S.Sebastiano. La Voce liberata di Alan Bedin incontra la musica di Cristiano Fracaro per lo spettacolo EPOCHÈ

EPOCHÈ viaggio immaginario nelle Metamorfosi di Ovidio
Sabato 12 ottobre ore 21.00 Kitchen Teatro Indipendente via dell’Edilizia 72 – 36100 Vicenza
Due danzatrici stanno allestendo la scena, giocano tra loro, provano un passo di danza a due, passano ben presto dalla complicità alla competizione, dal gioco alla prevaricazione reciproca. Ma l’entrata in scena di una figura antica le condurrà in un percorso fatto di domande, disappunto, riflessioni sull’abitudine, la pessima abitudine di prevaricare, etichettare, sminuire gli altri, spesso sotto l’ala nera dell’invidia, sempre sotto il fango del pregiudizio. Uno spettacolo incalzante tra classico e contemporaneo, in cui la narrazione e la danza si fondono in un equilibrio continuo tra parole, corpi e musiche, su una scenografia fortemente evocativa.

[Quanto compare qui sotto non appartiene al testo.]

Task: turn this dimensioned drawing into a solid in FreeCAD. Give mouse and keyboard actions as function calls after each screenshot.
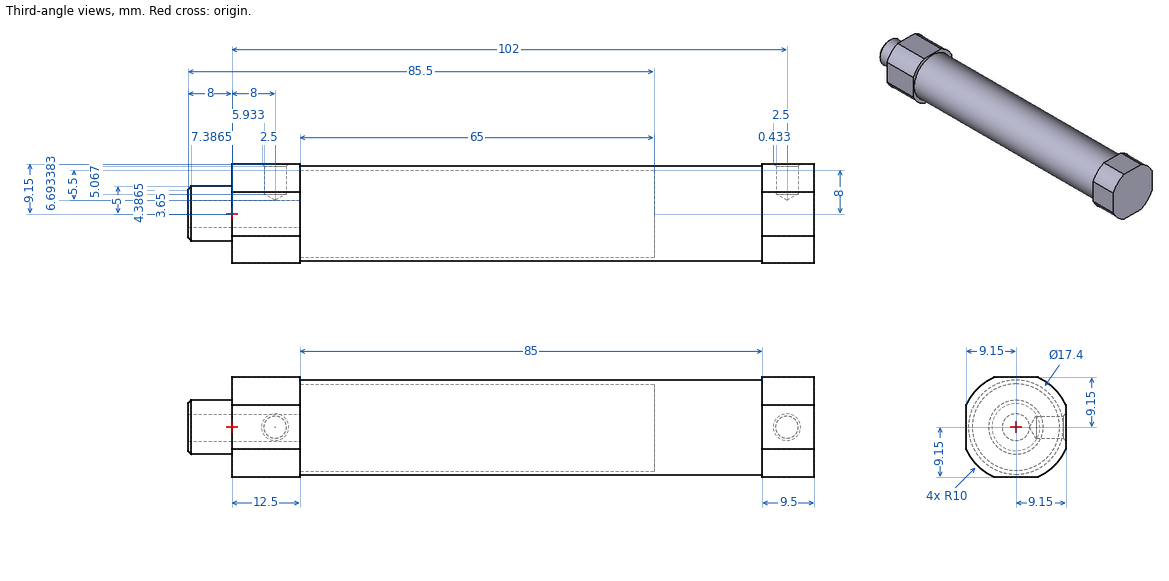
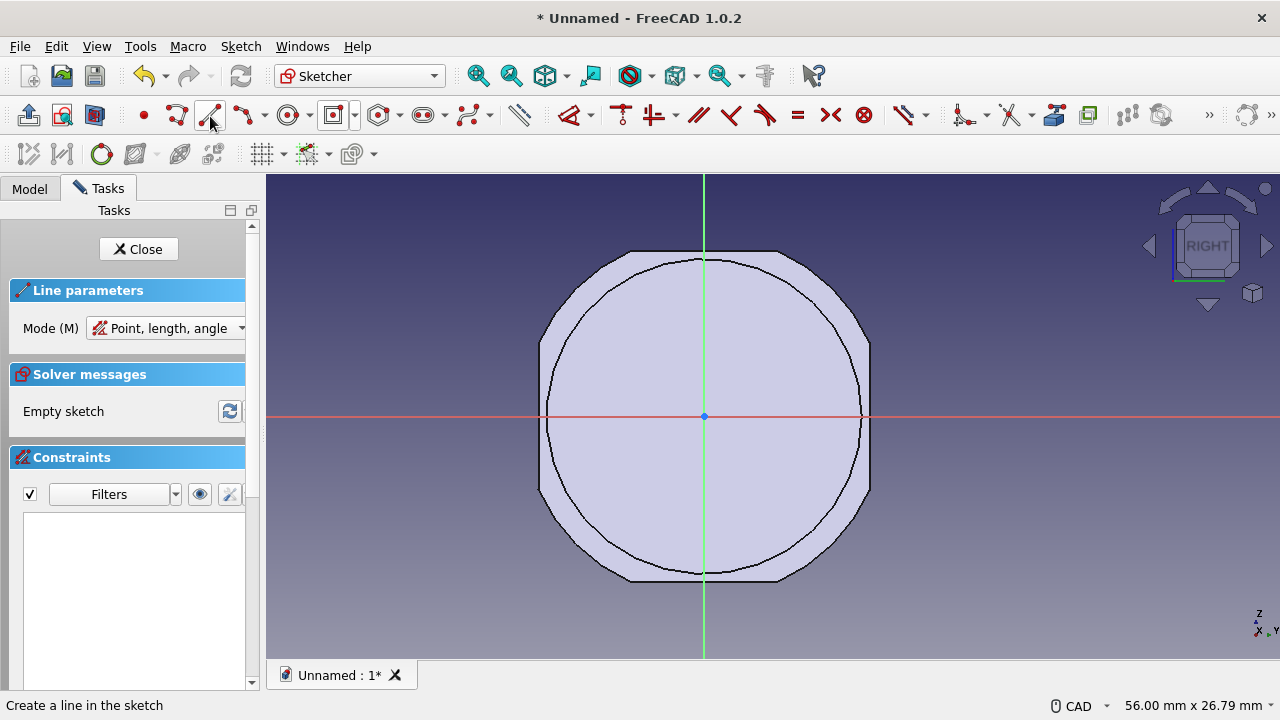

NOTE DI REGIA Epochè, ovvero la sospensione del giudizio, è un viaggio immaginario nelle Metamorfosi di Ovidio, epifanie senza tempo delle caratteristiche umane, per inseguire e mettere in scena un’idea, al di là della primitiva fascinazione che ogni trasformazione porta con sé. Un’idea che grida e reclama  il diritto di ogni individuo ad essere visto per ciò che è nella ricchezza del suo essere. Un’idea che si chiede perché sia tanto difficile la sospensione del giudizio, o meglio del pregiudizio, e invece sia tanto facile e comune sparlare degli altri e spesso senza una ragione sufficiente. Le opere classiche ad ogni rilettura fanno sbirciare da nuove porte, magari non notate in precedenza, e sfiorano l’immaginazione con ali di quesiti sospesi nel vortice dei pensieri e delle evocazioni. In questo disorientamento senza risposte, a volte è sufficiente allungare una mano ed afferrare fra le dita un filo per seguirlo dipanarsi nel messaggio di cui è portatore. Questa volta il filo porta ad esaminare un comune modo di pensare che, serpeggiando capillare e predatorio, si è radicalizzato nella nostra cultura al fine di definire, incasellare, parcellizzare sempre più l’individuo, trascurando, deridendo o screditando le sue potenzialità e diversità. Un’ottica restrittiva dei diritti e delle identità della persona che resta incasellata in un’unica specificità, spersonalizzata, catalogata. Etichette sociali, ruoli paralizzanti, direzioni a senso unico, gabbie anguste in risposta a chi prova ad andare oltre il consentito, a chi vuole spostare in avanti i propri confini per affermarsi oltre ciò che si pensa il destino, cioè la società gli abbia riservato. Un raccapricciante e feroce gioco di Hybris e Nemesis per chi vuole determinare la propria vita, mettersi alla prova mangiando il frutto proibito. E quel filo d’intuizione afferrato fra le dita conferma che i testi classici ci costringono fortunatamente a guardare nell’attualità della nostra cultura contemporanea.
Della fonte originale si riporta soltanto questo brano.